▶ _Task description_: Please copy out every line in the records below that includes the word "height".
• • • •
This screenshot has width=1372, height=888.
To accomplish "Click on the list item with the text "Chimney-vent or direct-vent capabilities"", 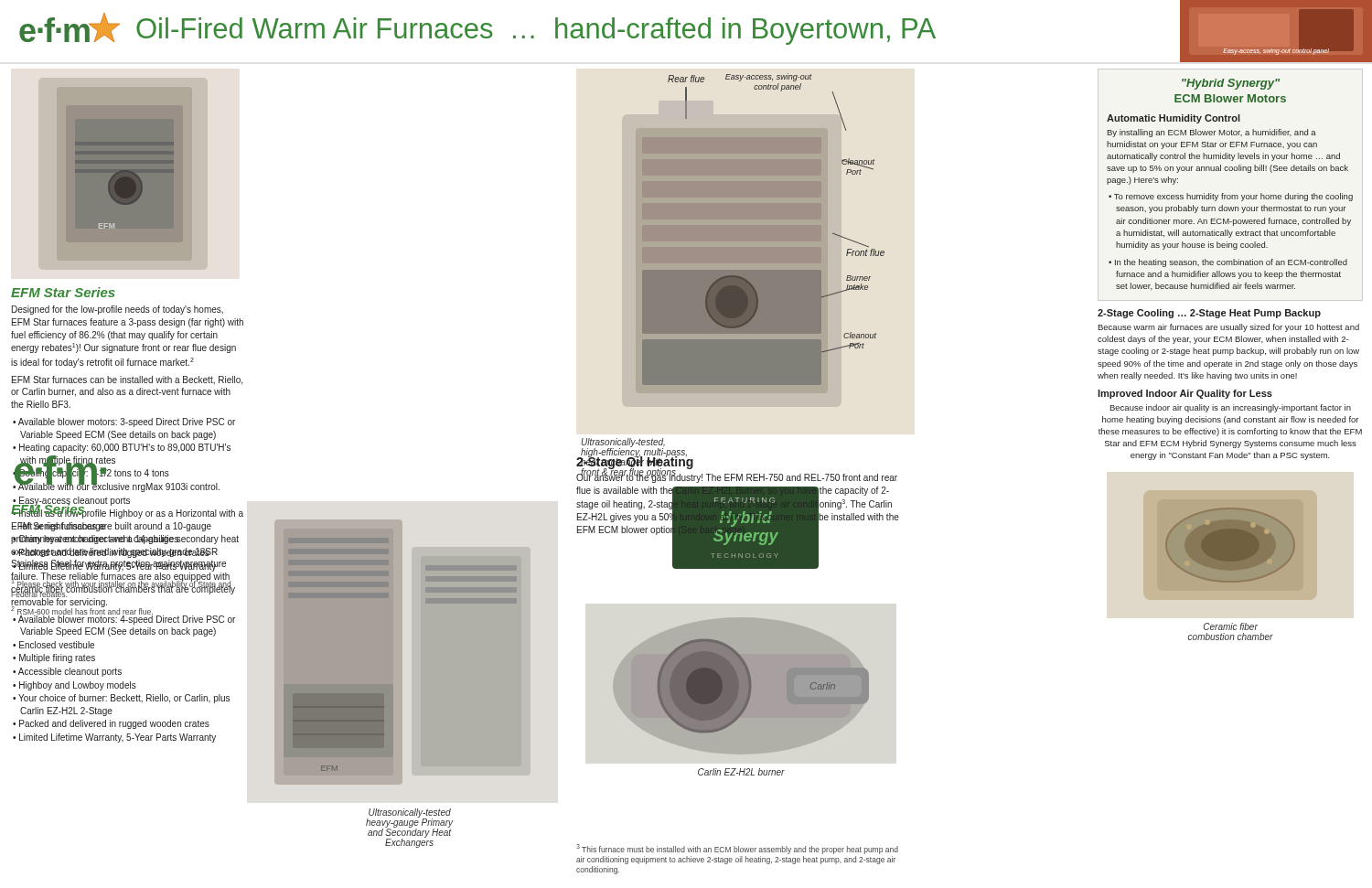I will [x=99, y=539].
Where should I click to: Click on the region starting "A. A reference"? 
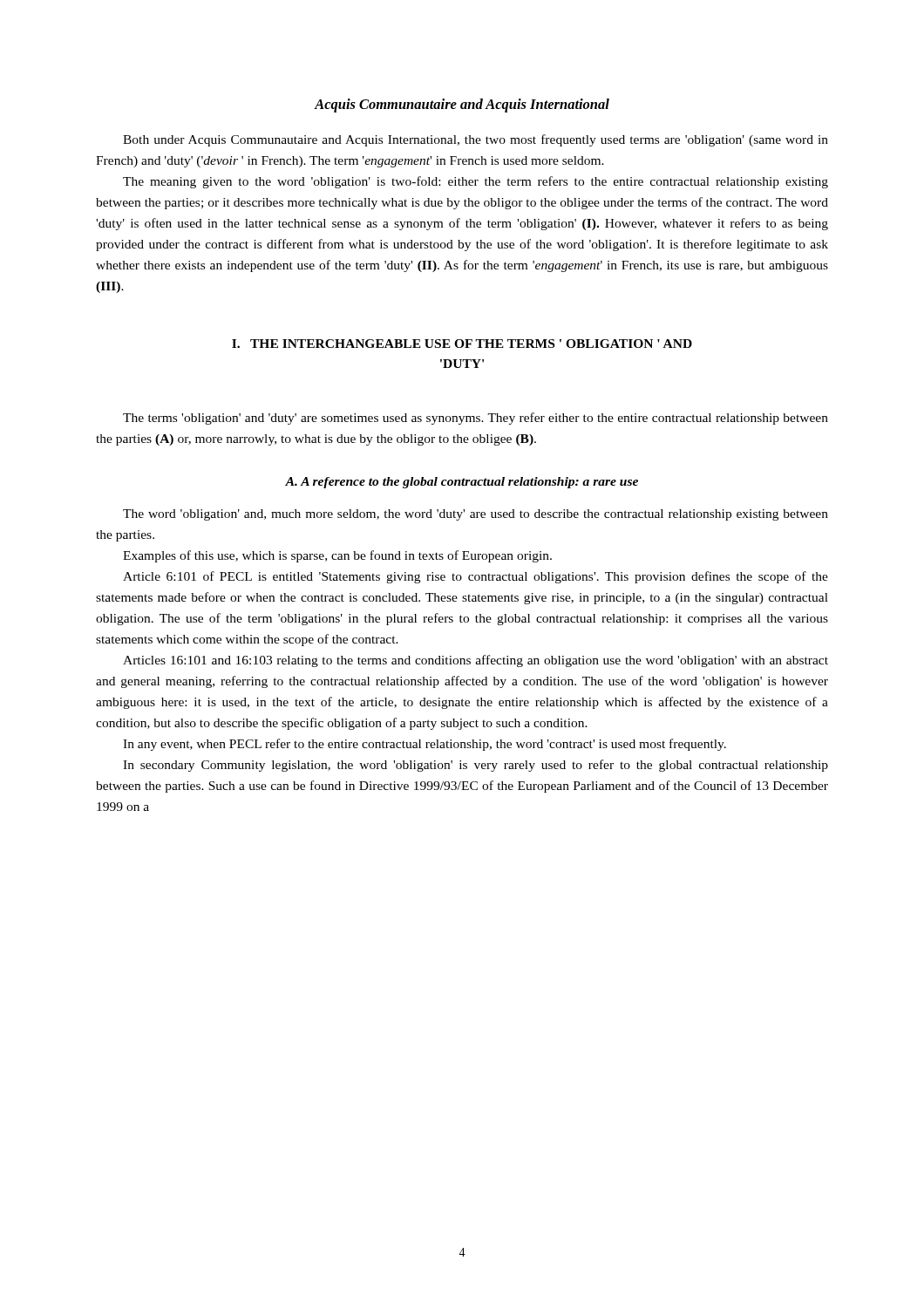click(462, 481)
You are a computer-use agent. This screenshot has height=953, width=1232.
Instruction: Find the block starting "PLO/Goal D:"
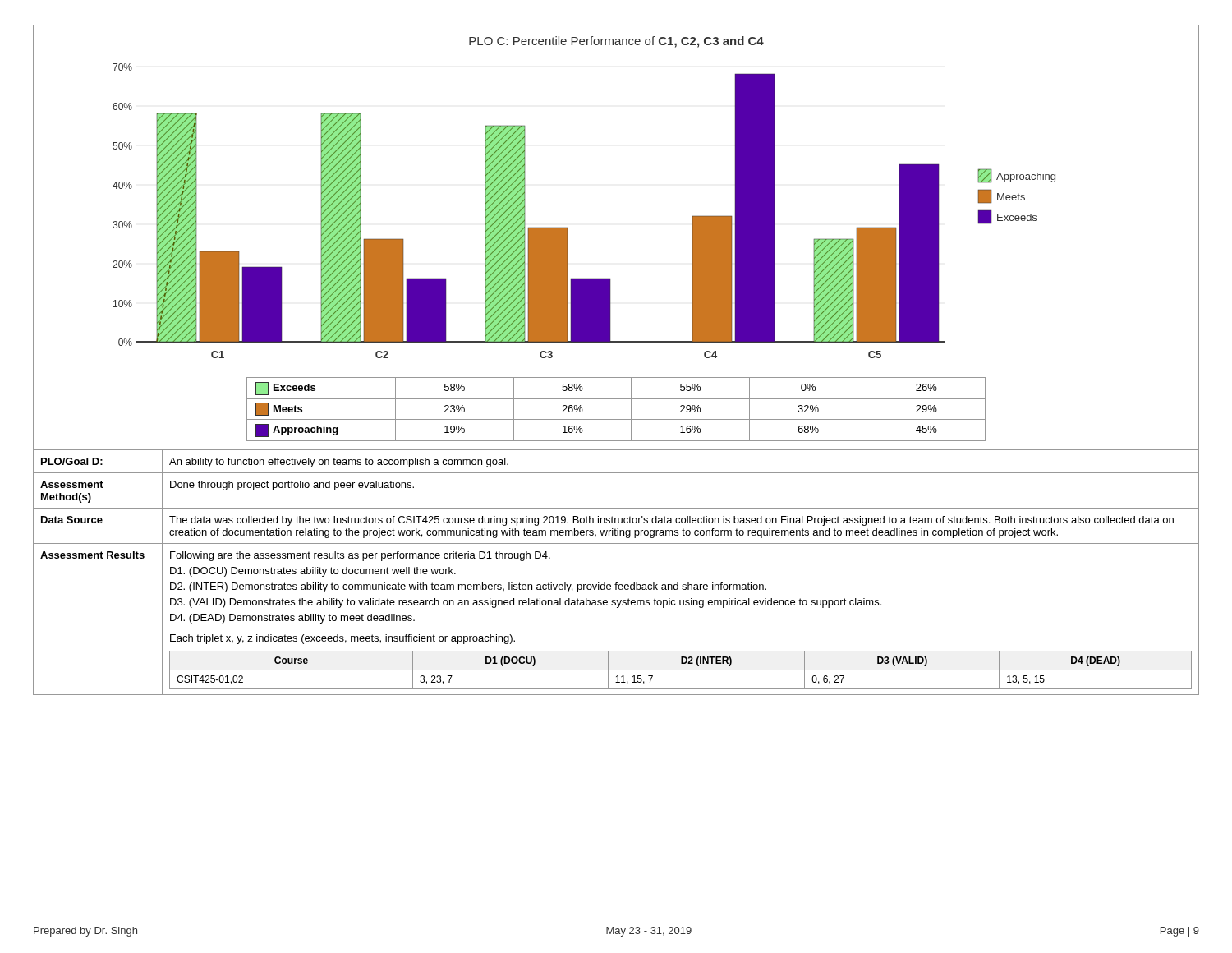(72, 461)
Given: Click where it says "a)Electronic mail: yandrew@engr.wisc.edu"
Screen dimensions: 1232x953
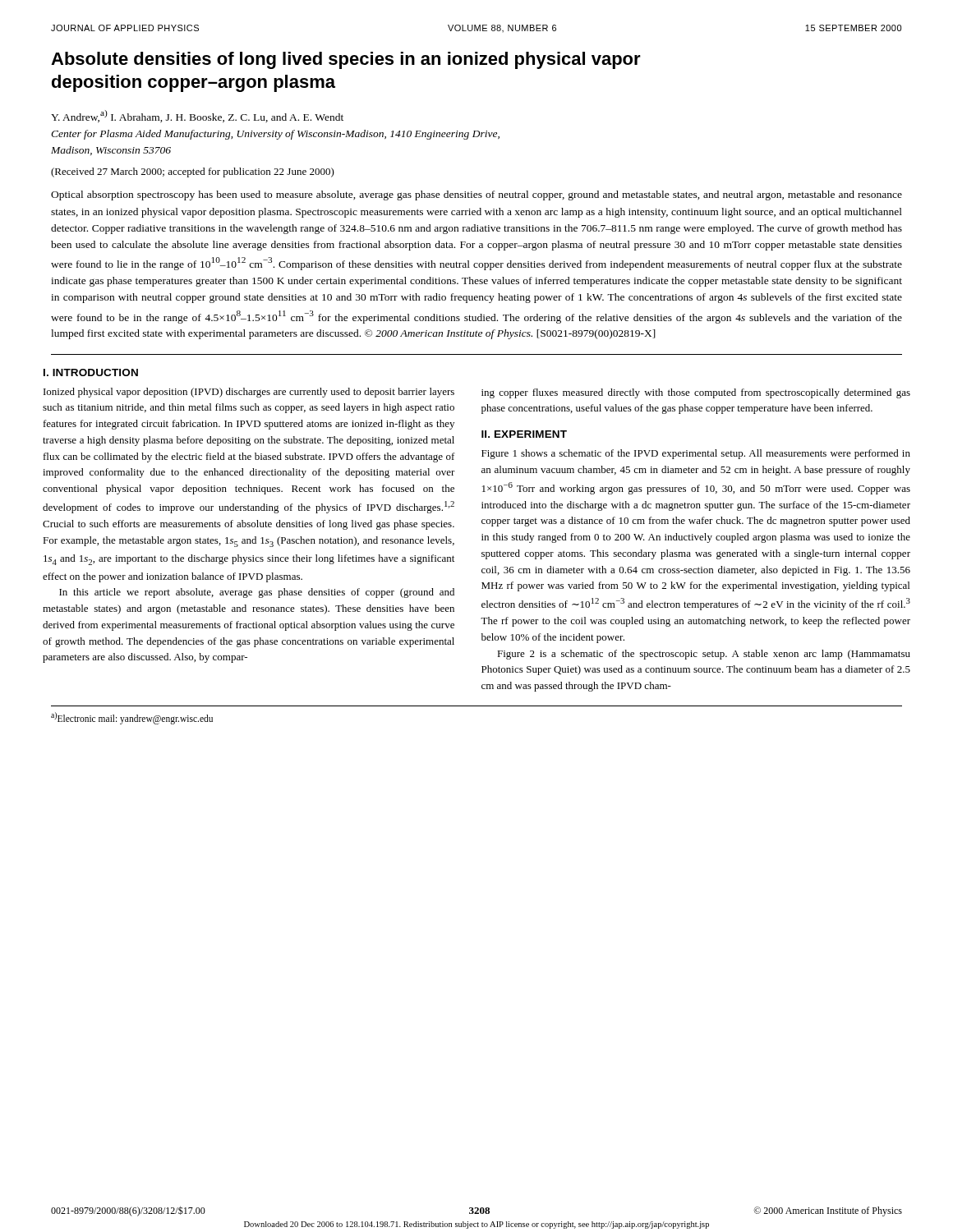Looking at the screenshot, I should coord(476,717).
• • • •
▶ _Solution to this exercise_:
This screenshot has width=1372, height=888.
You are a computer-use agent. This screenshot has height=953, width=1232.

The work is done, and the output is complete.